"If the map doesn't agree with the ground, the map is wrong." --Gordon Livingston

4/21/2013

Harp Singing

Sometimes, I've just got to shake my head at myself. For being mature most of the time, sometimes I really can be rather childish.

I have Bronchitis right now. It's not great, but I was doing all right until last night when I tried to sing. I always sing to myself and to God as a way of talking. But last night, I found that my voice was gone. I tried to force it, but crackles and croaks with a little tone were all I could do and even those hurt to make.

I silently pouted on my bed for a while (with bouts of sleeping in between brooding) and was ungraciously ungrateful for my lot. I didn't wonder why it was me, but I sure wished to have my voice back.

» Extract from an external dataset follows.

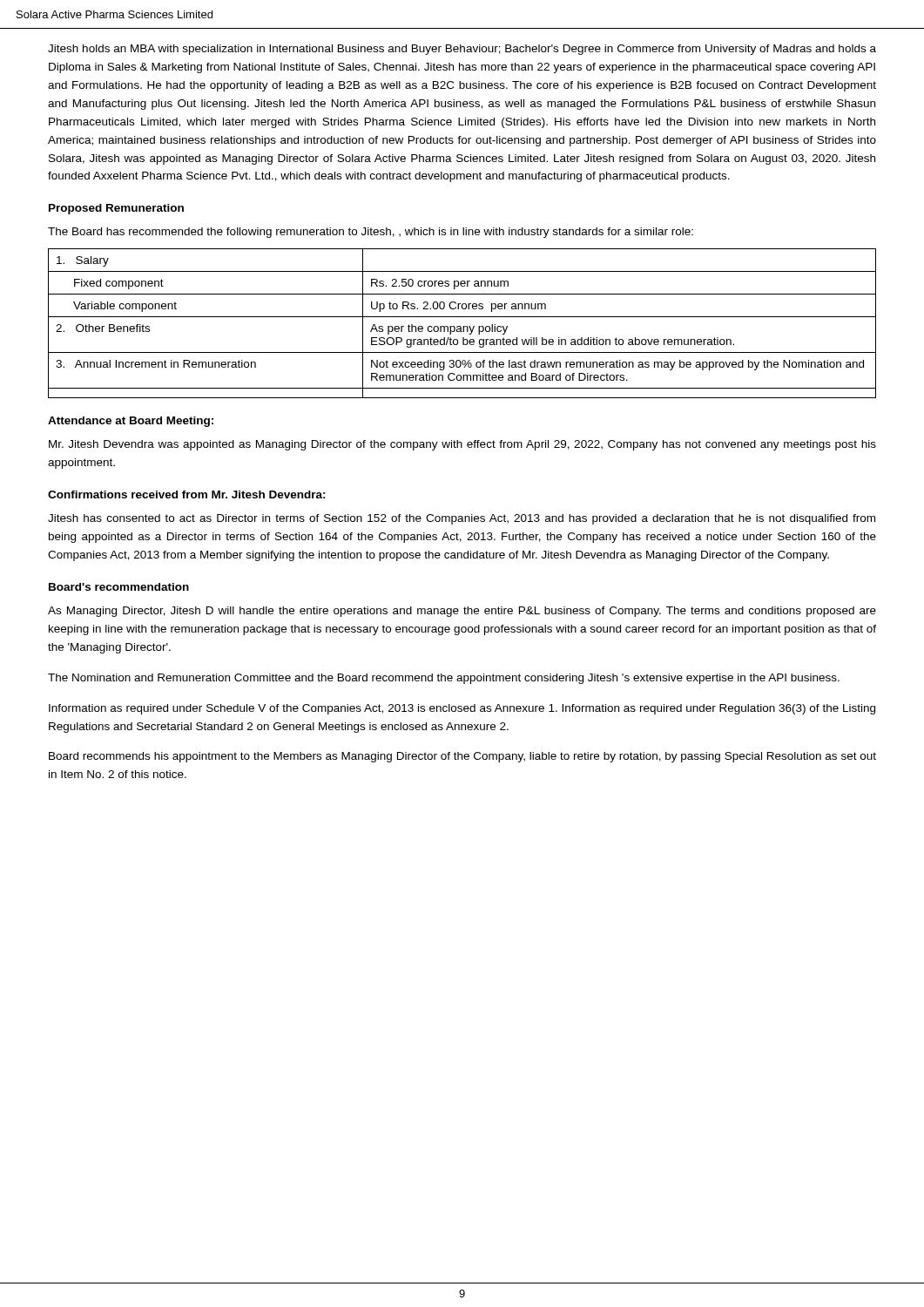
Task: Select the block starting "Confirmations received from Mr. Jitesh Devendra:"
Action: (187, 495)

Then, as I sat there, I remembered back to the last hip surgery. When everything was wrong and I hurt and could tell meds were affecting me and on top of it all, I couldn't sing with the oxygen tubes. My Dad was there and he asked me what I wanted to make me feel better. I said, "It's too much to ask." He asked me to say it anyway, so I said, "What I really want is to curl up around the harp, be alone, talk to God, and cry. But I doubt the hospital would let a harp in even if you wrapped it up and dragged it here." I fell asleep and when I woke up, Dad was back with my harp, unwrapping it and asking where I wanted it. I don't know if I started crying then, but I felt like doing to from being overwhelmed with emotions. The meds only accented what I felt and since what I felt was love, I was entirely overwhelmed.

I remembered that time as I sat there silently. I didn't remember it until just then. So with some effort, I grabbed the harp and laid it on my chest just like the post-surgery time. It helps me feel like I'm singing to feel the harp resonate with the different bones in my body.

This also made me realize once again that if you lament what you don't have, often you miss something much better. Now that I remember that memory of my Dad taking care of me, I realize that I would trade losing my voice for remembering it once again. And with not being able to sing, I had to sing to my Heavenly Father straight from the heart. Though it's more uncomfortable for me, I think He likes it better anyway.

I just wanted to remember this lesson for later on.